Dunno if Devo's Satisfaction is considered "ironic," but it's by god great.
Ugh. Possibly even worse than hipster ironic covers.
Nope. Devo themselves come close to the ironic aesthetic, but without the smug condescension. However, to be a hipster ironic cover, the song covered has to be nearly universally acknowledged as bad/lightweight/kitschy/etc. so that by covering it, the hipsters can be so uncool that they're cooler than you (in their minds at least). A rock classic like Satisfaction doesn't fit that bill.
I always viewed it as a symbol of an era/trend/fashion/style that is now out of fashion.
You don't see people walking around with Golden Child t-shirts or dressing like Michael Jackson/Eddie Murphy from Thriller/Raw.
That's part of it too - so out of fashion that they're now more fashionable than you, in their own minds. Same principle. See also: 95% of Tarantino's casting decisions (Travolta, Grier, etc.).
Thought you were engaging in a bit of self-parody. Maybe you had a bad time in high school or something.
When I think of egotistical, a high school teacher is nowhere near the first thing that comes to mind.
A lot of the change was driven first by computers becoming more ubiquitous, and second by the revolution started by (somewhat) laser printers and (more widely) the HP DeskJet, which allowed you to produce "letter-quality" output (i.e. comparable to a typewriter) without having to suffer with a separate daisy-wheel printer just for papers. When I was in high school (and college), many teachers/professors would not accept dot-matrix output, especially from 9-pin printers -- and even 24-pin printers didn't satisfy everyone.
Most of my kids' teachers demanded computer-prepared papers for anything other than simple, short homework essays. Heck, even when I was in college in the mid-80's you couldn't turn in something that was hand-written; at the very least you needed to type the darned thing.
Nice to know I'm not the only one who loves that.
Didn't even know it existed until I saw Casino.

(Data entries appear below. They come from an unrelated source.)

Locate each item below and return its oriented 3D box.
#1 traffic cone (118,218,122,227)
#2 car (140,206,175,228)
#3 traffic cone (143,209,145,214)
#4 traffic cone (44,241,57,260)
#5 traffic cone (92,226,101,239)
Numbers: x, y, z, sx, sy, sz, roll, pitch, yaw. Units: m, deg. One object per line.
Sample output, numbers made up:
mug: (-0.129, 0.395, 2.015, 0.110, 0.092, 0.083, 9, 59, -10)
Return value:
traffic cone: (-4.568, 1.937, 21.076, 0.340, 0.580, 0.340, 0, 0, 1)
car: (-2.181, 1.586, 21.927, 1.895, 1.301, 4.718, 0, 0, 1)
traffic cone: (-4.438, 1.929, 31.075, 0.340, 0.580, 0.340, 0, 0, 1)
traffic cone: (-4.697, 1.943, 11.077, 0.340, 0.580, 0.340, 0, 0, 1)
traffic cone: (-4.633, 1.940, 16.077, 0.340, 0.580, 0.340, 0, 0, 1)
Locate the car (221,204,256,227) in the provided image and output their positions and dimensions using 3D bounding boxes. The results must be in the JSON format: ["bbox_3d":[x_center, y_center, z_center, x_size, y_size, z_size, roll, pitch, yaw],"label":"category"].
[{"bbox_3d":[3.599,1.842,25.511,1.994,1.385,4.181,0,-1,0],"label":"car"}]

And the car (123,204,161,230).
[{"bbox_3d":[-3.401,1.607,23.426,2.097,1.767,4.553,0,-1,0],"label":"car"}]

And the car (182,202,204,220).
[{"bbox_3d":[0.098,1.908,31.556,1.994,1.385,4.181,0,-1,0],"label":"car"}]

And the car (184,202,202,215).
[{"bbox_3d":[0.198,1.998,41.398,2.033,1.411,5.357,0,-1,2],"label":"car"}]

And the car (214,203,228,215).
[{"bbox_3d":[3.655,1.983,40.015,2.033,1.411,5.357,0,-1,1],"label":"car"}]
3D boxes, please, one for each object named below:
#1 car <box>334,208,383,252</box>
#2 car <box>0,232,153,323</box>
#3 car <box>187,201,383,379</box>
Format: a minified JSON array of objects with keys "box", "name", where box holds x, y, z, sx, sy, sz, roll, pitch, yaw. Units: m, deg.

Obviously some people are aware of the weed association.
This is innocent, too.
My wife used to teach high school and those were always popular with boys who thought they were a lot cooler than they were. Youth, what a concept, although to be honest I don't give a crap what they wear or what they look like as long as they don't make loud noises after 10:00 PM.
See: Redd Kross - Dancing Queen, the aforementioned "Black Diamond", and They Might be Giants' New York City. (I include that last one because even if the original wasn't a popular song, the review in the Stranger in Seattle went ON AND ON about how ironic and snarky and even bitter the song was. Forgetting, unaware, or uninterested that TMBG has lived their entire lives there, and meant it.)

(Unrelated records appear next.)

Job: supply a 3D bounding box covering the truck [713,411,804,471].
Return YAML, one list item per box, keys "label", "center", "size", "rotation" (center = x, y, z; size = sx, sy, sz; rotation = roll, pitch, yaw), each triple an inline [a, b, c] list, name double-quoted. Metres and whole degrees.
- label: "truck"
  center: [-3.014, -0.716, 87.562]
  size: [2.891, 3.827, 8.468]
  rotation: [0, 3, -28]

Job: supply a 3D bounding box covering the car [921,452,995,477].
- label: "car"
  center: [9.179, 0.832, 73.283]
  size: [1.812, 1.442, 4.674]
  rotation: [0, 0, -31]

Yeah, I just disagree with that.
(Although upon re-reading, I may not understand it.)
Related.
How about the Diodes' cover of "Red Rubber Ball"?

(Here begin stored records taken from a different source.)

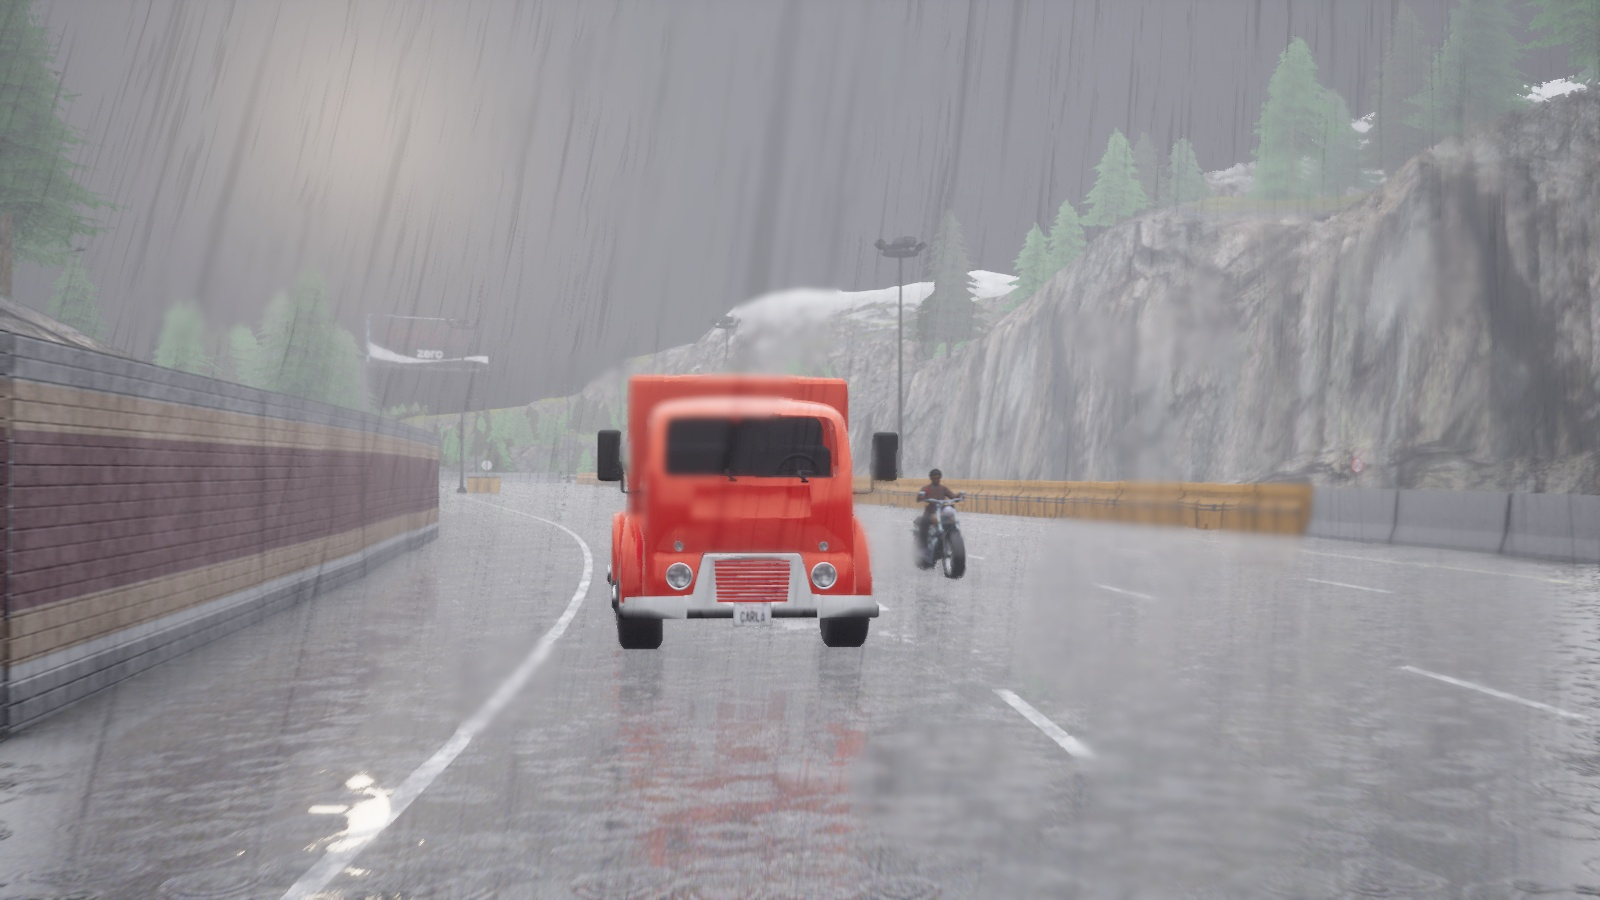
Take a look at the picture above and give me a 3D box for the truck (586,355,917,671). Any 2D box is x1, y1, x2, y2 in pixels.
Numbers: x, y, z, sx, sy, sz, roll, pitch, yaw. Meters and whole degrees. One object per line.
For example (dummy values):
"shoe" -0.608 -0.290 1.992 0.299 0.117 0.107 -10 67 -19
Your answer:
"truck" -0.647 0.545 12.556 2.627 2.467 5.204 0 -1 -6

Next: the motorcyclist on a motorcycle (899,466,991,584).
"motorcyclist on a motorcycle" 2.147 1.073 18.920 0.766 1.649 2.350 -1 -1 -8

College profs yield to no group wrt their arrogance and refusal to admit error. I spent an entire semester dealing with the vengefulness of a prof whose husband had taught a class I took the previous semester. I admit I was pretty hard on the guy--his combination of arrogance and stupidity was enraging then stupefying, and he managed to utterly demoralize an entire studio of talented kids--but he deserved it. Between the two of them I have no idea how they survived together. The self-righteousness was precedent setting.